A Mother's Call for More Research

 

By Vicki Hildner

Medmar-300-2While there are no child neurologists on the School of Medicine faculty recommending that parents use marijuana to treat children with epilepsy, there are families in Colorado who are using the drug.

Even before Zaki Jackson turned 4 months old, his mother noticed that he seemed to be experiencing odd spasms. His pediatrician ordered an EEG.

“I thought he said ‘EKG,’” says Heather Jackson, Zaki’s mother. “I thought there was something wrong with his heart. Then I googled ‘EEG’ and realized, ‘Oh, it’s his brain.’”

The test showed that Zaki’s brain was experiencing abnormal electrical activity.

“His brain waves were a mess,” Jackson says.

The initial diagnosis was epilepsy of unknown origin and with each passing year, Jackson watched her son experience multiple types of seizures. Sometimes during a seizure, Zaki would lose all muscle function and crash to the floor. Other times, his body stiffened, and he stopped breathing so long his lips turned blue. Other seizures came so frequently — hundreds per day — that Zaki stopped eating for days.

“I was definitely helpless, but I was never hopeless,” Jackson says. “Our job as a parent is to protect our child, but with this, there is nothing you can do. It’s the worst feeling on the planet.”

“It felt like they experimented on my child for nearly a decade,” Jackson says. “There were times I was ready to quit, but the next morning I picked myself up and said, ‘He is worth the fight.’”

In 2012, Zaki was receiving hospice palliative services when his mother heard about a father using cannabidiol (CBD), a non-psychoactive oil made from marijuana plants, to help reduce seizures in his child. She asked her hospice counselor about the oil.

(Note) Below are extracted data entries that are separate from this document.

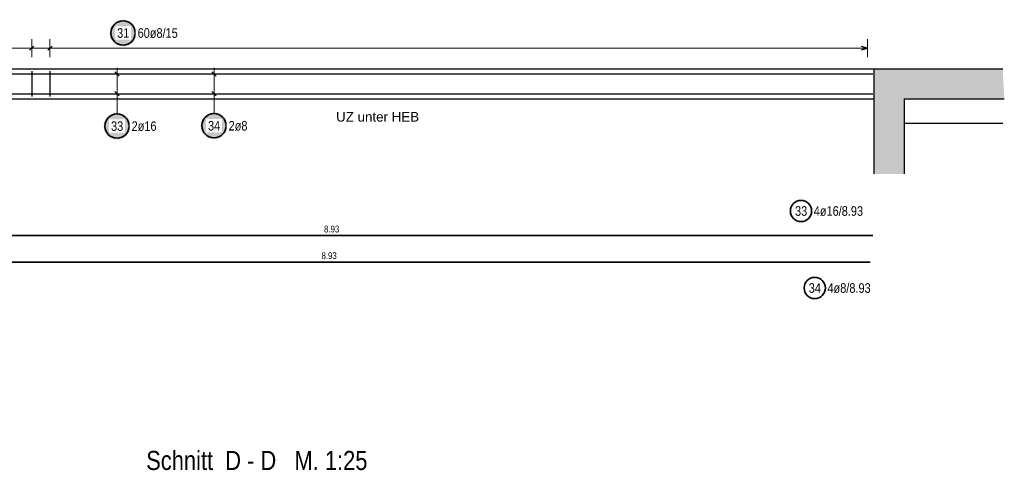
# Model space of a CAD drawing. Header units: millimetres. Extents: x -1.6 to 96.2, y -42.8 to 42.
# Tile 39 of 43: x 57.9 to 74.1, y 21 to 28.5. Entities that reach past the tile are written whole.
import ezdxf

# ---------------------------------------------------------------- set-up
doc = ezdxf.new("R2010")
doc.units = ezdxf.units.MM
doc.layers.add('Bewehrung', color=7, linetype='Continuous', lineweight=20)
doc.layers.add('Schraffuren', color=7, linetype='Continuous', lineweight=20)
doc.styles.add('Arial', font='arial.ttf')
doc.styles.add('Arial Narrow', font='ARIALN.TTF')

msp = doc.modelspace()

# ---------------------------------------------------------------- hatches: boundary and pattern name
at = {"layer": 'Schraffuren', "lineweight": 25, "true_color": 0xffffff}
for points in [[(59.823178, 28.253522), (59.823044, 28.2612), (59.822642, 28.268868), (59.821973, 28.276518), (59.821037, 28.28414), (59.819836, 28.291725), (59.818371, 28.299263), (59.816643, 28.306745), (59.814656, 28.314162), (59.81241, 28.321506), (59.80991, 28.328766), (59.807159, 28.335935), (59.804158, 28.343004), (59.800913, 28.349964), (59.797427, 28.356806), (59.793704, 28.363522), (59.789749, 28.370104), (59.785566, 28.376544), (59.781162, 28.382835), (59.77654, 28.388968), (59.771708, 28.394935), (59.76667, 28.400731), (59.761433, 28.406347), (59.756003, 28.411777), (59.750387, 28.417014), (59.744591, 28.422052), (59.738624, 28.426884), (59.732491, 28.431506), (59.7262, 28.43591), (59.71976, 28.440093), (59.713178, 28.444048), (59.706462, 28.44777), (59.69962, 28.451257), (59.69266, 28.454502), (59.685592, 28.457502), (59.678422, 28.460254), (59.671162, 28.462754), (59.663818, 28.465), (59.656401, 28.466987), (59.648919, 28.468714), (59.641381, 28.47018), (59.633796, 28.471381), (59.626174, 28.472317), (59.618524, 28.472986), (59.610856, 28.473388), (59.603178, 28.473522), (59.5955, 28.473388), (59.587832, 28.472986), (59.580182, 28.472317), (59.57256, 28.471381), (59.564975, 28.47018), (59.557437, 28.468714), (59.549955, 28.466987), (59.542538, 28.465), (59.535194, 28.462754), (59.527934, 28.460254), (59.520765, 28.457502), (59.513696, 28.454502), (59.506736, 28.451257), (59.499894, 28.44777), (59.493178, 28.444048), (59.486596, 28.440093), (59.480156, 28.43591), (59.473865, 28.431506), (59.467733, 28.426884), (59.461765, 28.422052), (59.455969, 28.417014), (59.450353, 28.411777), (59.444923, 28.406347), (59.439686, 28.400731), (59.434648, 28.394935), (59.429816, 28.388968), (59.425194, 28.382835), (59.42079, 28.376544), (59.416607, 28.370104), (59.412652, 28.363522), (59.40893, 28.356806), (59.405443, 28.349964), (59.402198, 28.343004), (59.399198, 28.335935), (59.396446, 28.328766), (59.393946, 28.321506), (59.3917, 28.314162), (59.389713, 28.306745), (59.387986, 28.299263), (59.38652, 28.291725), (59.385319, 28.28414), (59.384383, 28.276518), (59.383714, 28.268868), (59.383312, 28.2612), (59.383178, 28.253522), (59.383312, 28.245844), (59.383714, 28.238176), (59.384383, 28.230526), (59.385319, 28.222904), (59.38652, 28.215319), (59.387986, 28.207781), (59.389713, 28.200299), (59.3917, 28.192882), (59.393946, 28.185538), (59.396446, 28.178278), (59.399198, 28.171109), (59.402198, 28.16404), (59.405443, 28.15708), (59.40893, 28.150238), (59.412652, 28.143522), (59.416607, 28.13694), (59.42079, 28.1305), (59.425194, 28.124209), (59.429816, 28.118076), (59.434648, 28.112109), (59.439686, 28.106313), (59.444923, 28.100697), (59.450353, 28.095267), (59.455969, 28.09003), (59.461765, 28.084992), (59.467733, 28.08016), (59.473865, 28.075538), (59.480156, 28.071134), (59.486596, 28.066951), (59.493178, 28.062996), (59.499894, 28.059274), (59.506736, 28.055787), (59.513696, 28.052542), (59.520765, 28.049542), (59.527934, 28.04679), (59.535194, 28.04429), (59.542538, 28.042044), (59.549955, 28.040057), (59.557437, 28.03833), (59.564975, 28.036864), (59.57256, 28.035663), (59.580182, 28.034727), (59.587832, 28.034058), (59.5955, 28.033656), (59.603178, 28.033522), (59.610856, 28.033656), (59.618524, 28.034058), (59.626174, 28.034727), (59.633796, 28.035663), (59.641381, 28.036864), (59.648919, 28.03833), (59.656401, 28.040057), (59.663818, 28.042044), (59.671162, 28.04429), (59.678422, 28.04679), (59.685592, 28.049542), (59.69266, 28.052542), (59.69962, 28.055787), (59.706462, 28.059274), (59.713178, 28.062996), (59.71976, 28.066951), (59.7262, 28.071134), (59.732491, 28.075538), (59.738624, 28.08016), (59.744591, 28.084992), (59.750387, 28.09003), (59.756003, 28.095267), (59.761433, 28.100697), (59.76667, 28.106313), (59.771708, 28.112109), (59.77654, 28.118076), (59.781162, 28.124209), (59.785566, 28.1305), (59.789749, 28.13694), (59.793704, 28.143522), (59.797427, 28.150238), (59.800913, 28.15708), (59.804158, 28.16404), (59.807159, 28.171109), (59.80991, 28.178278), (59.81241, 28.185538), (59.814656, 28.192882), (59.816643, 28.200299), (59.818371, 28.207781), (59.819836, 28.215319), (59.821037, 28.222904), (59.821973, 28.230526), (59.822642, 28.238176)], [(59.723701, 26.717587), (59.723567, 26.725265), (59.723166, 26.732934), (59.722496, 26.740583), (59.72156, 26.748205), (59.720359, 26.75579), (59.718894, 26.763328), (59.717166, 26.77081), (59.715179, 26.778227), (59.712934, 26.785571), (59.710434, 26.792832), (59.707682, 26.800001), (59.704681, 26.807069), (59.701436, 26.814029), (59.69795, 26.820871), (59.694227, 26.827587), (59.690272, 26.834169), (59.68609, 26.84061), (59.681685, 26.8469), (59.677064, 26.853033), (59.672231, 26.859), (59.667193, 26.864796), (59.661956, 26.870412), (59.656526, 26.875842), (59.65091, 26.881079), (59.645115, 26.886117), (59.639147, 26.89095), (59.633014, 26.895571), (59.626724, 26.899975), (59.620284, 26.904158), (59.613701, 26.908113), (59.606985, 26.911836), (59.600143, 26.915322), (59.593183, 26.918567), (59.586115, 26.921568), (59.578946, 26.92432), (59.571685, 26.92682), (59.564342, 26.929065), (59.556924, 26.931052), (59.549442, 26.93278), (59.541904, 26.934245), (59.53432, 26.935446), (59.526698, 26.936382), (59.519048, 26.937051), (59.511379, 26.937453), (59.503701, 26.937587), (59.496024, 26.937453), (59.488355, 26.937051), (59.480705, 26.936382), (59.473083, 26.935446), (59.465499, 26.934245), (59.457961, 26.93278), (59.450479, 26.931052), (59.443061, 26.929065), (59.435718, 26.92682), (59.428457, 26.92432), (59.421288, 26.921568), (59.414219, 26.918567), (59.40726, 26.915322), (59.400418, 26.911836), (59.393701, 26.908113), (59.387119, 26.904158), (59.380679, 26.899975), (59.374389, 26.895571), (59.368256, 26.89095), (59.362288, 26.886117), (59.356493, 26.881079), (59.350877, 26.875842), (59.345447, 26.870412), (59.34021, 26.864796), (59.335172, 26.859), (59.330339, 26.853033), (59.325718, 26.8469), (59.321313, 26.84061), (59.317131, 26.834169), (59.313176, 26.827587), (59.309453, 26.820871), (59.305967, 26.814029), (59.302721, 26.807069), (59.299721, 26.800001), (59.296969, 26.792832), (59.294469, 26.785571), (59.292224, 26.778227), (59.290236, 26.77081), (59.288509, 26.763328), (59.287044, 26.75579), (59.285842, 26.748205), (59.284907, 26.740583), (59.284237, 26.732934), (59.283835, 26.725265), (59.283701, 26.717587), (59.283835, 26.709909), (59.284237, 26.702241), (59.284907, 26.694591), (59.285842, 26.686969), (59.287044, 26.679385), (59.288509, 26.671847), (59.290236, 26.664364), (59.292224, 26.656947), (59.294469, 26.649603), (59.296969, 26.642343), (59.299721, 26.635174), (59.302721, 26.628105), (59.305967, 26.621146), (59.309453, 26.614303), (59.313176, 26.607587), (59.317131, 26.601005), (59.321313, 26.594565), (59.325718, 26.588274), (59.330339, 26.582142), (59.335172, 26.576174), (59.34021, 26.570378), (59.345447, 26.564762), (59.350877, 26.559332), (59.356493, 26.554095), (59.362288, 26.549057), (59.368256, 26.544225), (59.374389, 26.539603), (59.380679, 26.535199), (59.387119, 26.531017), (59.393701, 26.527062), (59.400418, 26.523339), (59.40726, 26.519853), (59.414219, 26.516607), (59.421288, 26.513607), (59.428457, 26.510855), (59.435718, 26.508355), (59.443061, 26.50611), (59.450479, 26.504122), (59.457961, 26.502395), (59.465499, 26.500929), (59.473083, 26.499728), (59.480705, 26.498792), (59.488355, 26.498123), (59.496024, 26.497721), (59.503701, 26.497587), (59.511379, 26.497721), (59.519048, 26.498123), (59.526698, 26.498792), (59.53432, 26.499728), (59.541904, 26.500929), (59.549442, 26.502395), (59.556924, 26.504122), (59.564342, 26.50611), (59.571685, 26.508355), (59.578946, 26.510855), (59.586115, 26.513607), (59.593183, 26.516607), (59.600143, 26.519853), (59.606985, 26.523339), (59.613701, 26.527062), (59.620284, 26.531017), (59.626724, 26.535199), (59.633014, 26.539603), (59.639147, 26.544225), (59.645115, 26.549057), (59.65091, 26.554095), (59.656526, 26.559332), (59.661956, 26.564762), (59.667193, 26.570378), (59.672231, 26.576174), (59.677064, 26.582142), (59.681685, 26.588274), (59.68609, 26.594565), (59.690272, 26.601005), (59.694227, 26.607587), (59.69795, 26.614303), (59.701436, 26.621146), (59.704681, 26.628105), (59.707682, 26.635174), (59.710434, 26.642343), (59.712934, 26.649603), (59.715179, 26.656947), (59.717166, 26.664364), (59.718894, 26.671847), (59.720359, 26.679385), (59.72156, 26.686969), (59.722496, 26.694591), (59.723166, 26.702241)], [(61.323701, 26.723546), (61.323567, 26.731224), (61.323166, 26.738892), (61.322496, 26.746542), (61.32156, 26.754164), (61.320359, 26.761748), (61.318894, 26.769286), (61.317166, 26.776769), (61.315179, 26.784186), (61.312934, 26.79153), (61.310434, 26.79879), (61.307682, 26.805959), (61.304681, 26.813028), (61.301436, 26.819987), (61.29795, 26.82683), (61.294227, 26.833546), (61.290272, 26.840128), (61.28609, 26.846568), (61.281685, 26.852859), (61.277064, 26.858991), (61.272231, 26.864959), (61.267193, 26.870755), (61.261956, 26.876371), (61.256526, 26.881801), (61.25091, 26.887038), (61.245115, 26.892076), (61.239147, 26.896908), (61.233014, 26.90153), (61.226724, 26.905934), (61.220284, 26.910116), (61.213701, 26.914071), (61.206985, 26.917794), (61.200143, 26.92128), (61.193183, 26.924526), (61.186115, 26.927526), (61.178946, 26.930278), (61.171685, 26.932778), (61.164342, 26.935023), (61.156924, 26.937011), (61.149442, 26.938738), (61.141904, 26.940203), (61.13432, 26.941405), (61.126698, 26.942341), (61.119048, 26.94301), (61.111379, 26.943412), (61.103701, 26.943546), (61.096024, 26.943412), (61.088355, 26.94301), (61.080705, 26.942341), (61.073083, 26.941405), (61.065499, 26.940203), (61.057961, 26.938738), (61.050479, 26.937011), (61.043061, 26.935023), (61.035718, 26.932778), (61.028457, 26.930278), (61.021288, 26.927526), (61.014219, 26.924526), (61.00726, 26.92128), (61.000418, 26.917794), (60.993701, 26.914071), (60.987119, 26.910116), (60.980679, 26.905934), (60.974389, 26.90153), (60.968256, 26.896908), (60.962288, 26.892076), (60.956493, 26.887038), (60.950877, 26.881801), (60.945447, 26.876371), (60.94021, 26.870755), (60.935172, 26.864959), (60.930339, 26.858991), (60.925718, 26.852859), (60.921313, 26.846568), (60.917131, 26.840128), (60.913176, 26.833546), (60.909453, 26.82683), (60.905967, 26.819987), (60.902721, 26.813028), (60.899721, 26.805959), (60.896969, 26.79879), (60.894469, 26.79153), (60.892224, 26.784186), (60.890236, 26.776769), (60.888509, 26.769286), (60.887044, 26.761748), (60.885842, 26.754164), (60.884907, 26.746542), (60.884237, 26.738892), (60.883835, 26.731224), (60.883701, 26.723546), (60.883835, 26.715868), (60.884237, 26.708199), (60.884907, 26.70055), (60.885842, 26.692928), (60.887044, 26.685343), (60.888509, 26.677805), (60.890236, 26.670323), (60.892224, 26.662906), (60.894469, 26.655562), (60.896969, 26.648301), (60.899721, 26.641132), (60.902721, 26.634064), (60.905967, 26.627104), (60.909453, 26.620262), (60.913176, 26.613546), (60.917131, 26.606964), (60.921313, 26.600523), (60.925718, 26.594233), (60.930339, 26.5881), (60.935172, 26.582133), (60.94021, 26.576337), (60.945447, 26.570721), (60.950877, 26.565291), (60.956493, 26.560054), (60.962288, 26.555016), (60.968256, 26.550183), (60.974389, 26.545562), (60.980679, 26.541158), (60.987119, 26.536975), (60.993701, 26.53302), (61.000418, 26.529297), (61.00726, 26.525811), (61.014219, 26.522566), (61.021288, 26.519565), (61.028457, 26.516813), (61.035718, 26.514313), (61.043061, 26.512068), (61.050479, 26.510081), (61.057961, 26.508353), (61.065499, 26.506888), (61.073083, 26.505687), (61.080705, 26.504751), (61.088355, 26.504082), (61.096024, 26.50368), (61.103701, 26.503546), (61.111379, 26.50368), (61.119048, 26.504082), (61.126698, 26.504751), (61.13432, 26.505687), (61.141904, 26.506888), (61.149442, 26.508353), (61.156924, 26.510081), (61.164342, 26.512068), (61.171685, 26.514313), (61.178946, 26.516813), (61.186115, 26.519565), (61.193183, 26.522566), (61.200143, 26.525811), (61.206985, 26.529297), (61.213701, 26.53302), (61.220284, 26.536975), (61.226724, 26.541158), (61.233014, 26.545562), (61.239147, 26.550183), (61.245115, 26.555016), (61.25091, 26.560054), (61.256526, 26.565291), (61.261956, 26.570721), (61.267193, 26.576337), (61.272231, 26.582133), (61.277064, 26.5881), (61.281685, 26.594233), (61.28609, 26.600523), (61.290272, 26.606964), (61.294227, 26.613546), (61.29795, 26.620262), (61.301436, 26.627104), (61.304681, 26.634064), (61.307682, 26.641132), (61.310434, 26.648301), (61.312934, 26.655562), (61.315179, 26.662906), (61.317166, 26.670323), (61.318894, 26.677805), (61.320359, 26.685343), (61.32156, 26.692928), (61.322496, 26.70055), (61.323166, 26.708199)]]:
    msp.add_hatch(color=7, dxfattribs=at).paths.add_polyline_path(points)
at = {"layer": 'Schraffuren', "lineweight": 50, "true_color": 0xd7ffd7}
msp.add_hatch(color=254, dxfattribs=at).paths.add_polyline_path([(74.115488, 27.665301), (74.141706, 27.165301), (72.491293, 27.165301), (72.491293, 25.928375), (71.991293, 25.928375), (71.991293, 27.665301)])

# ---------------------------------------------------------------- linework, layer by layer
at = {"layer": 'Bewehrung', "color": 2, "linetype": 'Continuous', "lineweight": 35, "ltscale": 0.5}
msp.add_line((54.07051, 24.473205), (71.93051, 24.473205), dxfattribs=at)
msp.add_circle((71.014418, 24.046104), 0.175, dxfattribs=at)
at = {"layer": 'Schraffuren', "color": 5, "linetype": 'Continuous', "lineweight": 18, "ltscale": 0.5}
for p, q in [((58.095166, 27.853522), (58.095166, 28.153522)), ((58.394908, 27.853522), (58.394908, 28.153522)), ((71.883293, 27.853522), (71.883293, 28.153522)), ((71.883293, 28.003522), (54.198521, 28.003522)), ((59.503701, 27.679301), (59.503701, 27.151301)), ((61.103701, 27.679301), (61.103701, 27.151301)), ((59.653701, 27.579301), (59.353701, 27.579301)), ((61.253701, 27.579301), (60.953701, 27.579301)), ((59.653701, 27.251301), (59.353701, 27.251301)), ((59.503701, 26.917587), (59.503701, 27.151301)), ((61.253701, 27.251301), (60.953701, 27.251301)), ((61.103701, 26.923546), (61.103701, 27.151301))]:
    msp.add_line(p, q, dxfattribs=at)
at = {"layer": 'Schraffuren', "color": 3, "linetype": 'Continuous', "lineweight": 25, "ltscale": 0.5}
for p, q in [((58.059811, 27.968167), (58.130521, 28.038877)), ((58.359553, 27.968167), (58.430263, 28.038877)), ((71.883293, 28.003522), (71.783293, 28.030317)), ((71.783293, 27.976727), (71.883293, 28.003522)), ((58.095166, 27.625301), (58.095166, 27.205301)), ((58.394908, 27.625301), (58.394908, 27.205301)), ((54.11051, 27.579301), (71.971293, 27.579301)), ((59.539057, 27.543945), (59.468346, 27.614656)), ((61.139057, 27.543945), (61.068346, 27.614656)), ((54.11051, 27.251301), (71.971293, 27.251301)), ((59.539057, 27.215946), (59.468346, 27.286656)), ((61.139057, 27.215946), (61.068346, 27.286656))]:
    msp.add_line(p, q, dxfattribs=at)
at = {"layer": 'Schraffuren', "color": 3, "linetype": 'Continuous', "lineweight": 25}
for p, q in [((54.09051, 27.665301), (71.991293, 27.665301)), ((71.991293, 27.665301), (71.991293, 25.928375)), ((71.991293, 27.665301), (74.115488, 27.665301)), ((54.09051, 27.165301), (71.991293, 27.165301)), ((72.491293, 27.165301), (74.141706, 27.165301)), ((72.491293, 27.165301), (72.491293, 25.928375)), ((72.491293, 26.765301), (74.115488, 26.765301))]:
    msp.add_line(p, q, dxfattribs=at)
at = {"layer": 'Schraffuren', "color": 9, "linetype": 'Continuous', "lineweight": 0, "ltscale": 0.5}
for p, q in [((54.11051, 27.579301), (71.971293, 27.579301)), ((54.11051, 27.251301), (71.971293, 27.251301))]:
    msp.add_line(p, q, dxfattribs=at)
at = {"layer": 'Schraffuren', "color": 2, "linetype": 'Continuous', "lineweight": 35, "ltscale": 0.5}
msp.add_line((71.97299, 24.912906), (54.112206, 24.912906), dxfattribs=at)
for centre, radius in [((59.603178, 28.253522), 0.2), ((59.503701, 26.717587), 0.2), ((61.103701, 26.723546), 0.2), ((70.788198, 25.316901), 0.175)]:
    msp.add_circle(centre, radius, dxfattribs=at)

# ---------------------------------------------------------------- texts
at = {"color": 1, "lineweight": 70, "style": 'Arial Narrow'}
msp.add_text('Schnitt  D - D   M. 1:25', height=0.315, dxfattribs=at).set_placement((59.984399, 21.043105))
at = {"layer": 'Bewehrung', "color": 3, "lineweight": 25, "insert": (62.87676, 24.635705), "char_height": 0.1125, "attachment_point": 1, "line_spacing_factor": 0.9, "style": 'Arial Narrow'}
msp.add_mtext('8.93', dxfattribs=at)
at = {"layer": 'Bewehrung', "color": 2, "lineweight": 35, "char_height": 0.1575, "attachment_point": 1, "line_spacing_factor": 0.9, "style": 'Arial Narrow'}
for s, insert in [('34', (70.915193, 24.124854)), ('4ø8/8.93', (71.224418, 24.124854))]:
    msp.add_mtext(s, dxfattribs=dict(at, insert=insert))
at = {"layer": 'Schraffuren', "color": 2, "lineweight": 35, "style": 'Arial'}
msp.add_text('UZ unter HEB', height=0.1575, dxfattribs=at).set_placement((63.117753, 26.792163))
at = {"layer": 'Schraffuren', "color": 2, "lineweight": 35, "char_height": 0.1575, "attachment_point": 1, "line_spacing_factor": 0.9, "style": 'Arial Narrow'}
for s, insert in [('33', (70.688973, 25.395651)), ('4ø16/8.93', (70.998198, 25.395651))]:
    msp.add_mtext(s, dxfattribs=dict(at, insert=insert))
at = {"layer": 'Schraffuren', "color": 3, "lineweight": 25, "insert": (62.918848, 25.075406), "char_height": 0.1125, "attachment_point": 1, "line_spacing_factor": 0.9, "style": 'Arial Narrow'}
msp.add_mtext('8.93', dxfattribs=at)

# ---------------------------------------------------------------- next in the draw order: texts
at = {"layer": 'Schraffuren', "color": 2, "lineweight": 35, "char_height": 0.1575, "attachment_point": 1, "line_spacing_factor": 0.9, "style": 'Arial Narrow', "bg_fill": 3, "box_fill_scale": 1.2, "bg_fill_color": 256, "bg_fill_true_color": 13158600, "bg_fill_transparency": 0}
for s, insert in [('31', (59.503953, 28.332272)), ('60ø8/15', (59.843178, 28.332272)), ('34', (61.004476, 26.802296)), ('2ø8', (61.343701, 26.802296)), ('33', (59.404476, 26.796337)), ('2ø16', (59.743701, 26.796337))]:
    msp.add_mtext(s, dxfattribs=dict(at, insert=insert))

doc.saveas('drawing.dxf')

“She said, ‘I can’t recommend it,’ Jackson says. “And then she gave me a phone number to call.”

That phone number led Jackson to the Stanley family, five Colorado brothers who were manufacturing CBD from a special strain of hemp. Jackson gave Zaki his first dose of the oil, administered by syringe, on July 19, 2012.

“I remember that day as if it were yesterday,” she says. “The night before, Zaki had had 200 seizures. That night, I stayed awake and stared at him. He slept through the night for the first time in years.”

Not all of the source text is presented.